Experimental and Computational Study of Liquid Nitrogen Transfer Line Chilldown

Abstract

Cryogenic fluids are widely used in industrial, aerospace, and many other scientific applications and systems. In these systems, proper transport, handling and storage of cryogenic fluids are of great importance. Chill-down of a transfer line is a natural consequence of routine cryogenic fluid transfer. The chill down time has its importance as the primary objective is to quickly cool the line, so as to promote homogeneous liquid transfer and/or to continue an ongoing test. The present work is a computational study of cryogenic transfer line chill down using a numerical code written in Matlab backed up by its experimental validation.
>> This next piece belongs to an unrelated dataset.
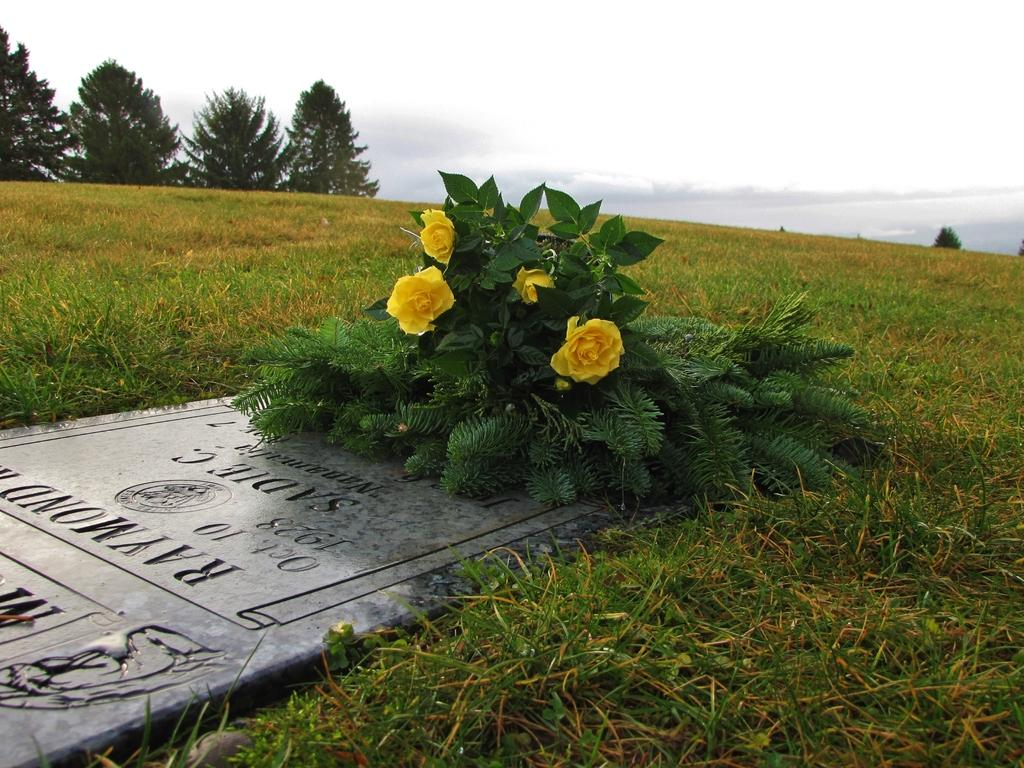What is the main object in the image? There is a stone in the image. What is written or depicted on the stone? There is text on the stone. What is placed on top of the stone? There is a bouquet on the stone. What type of vegetation is visible beside the stone? There is grass beside the stone. What can be seen in the background of the image? Trees and the sky are visible at the top of the image. What type of pan is being used to cook food in the image? There is no pan or cooking activity present in the image; it features a stone with text and a bouquet. What type of quill is being used to write on the stone in the image? There is no quill or writing activity present in the image; the text on the stone is already written.

The experiments were carried out with liquid Nitrogen (LN2) as the cryogen through a fluid transfer line made of stainless steel. A lumped system analysis in which the liquid cryogen and its vapour in the pipe are considered to flow as lumps of fluid, is used for the prediction of chilldown time and thermodynamic property variations during the transient process. The numerical results show good agreement with the experimental measurements and the predicted chilldown time is close to the field data. The generated code can be extended to predict the chill down parameters for any cryogenic transfer operation by providing the respective fluid and pipeline material properties, and the geometric measurements, along with necessary boundary conditions (thermal & flow) and ambient conditions.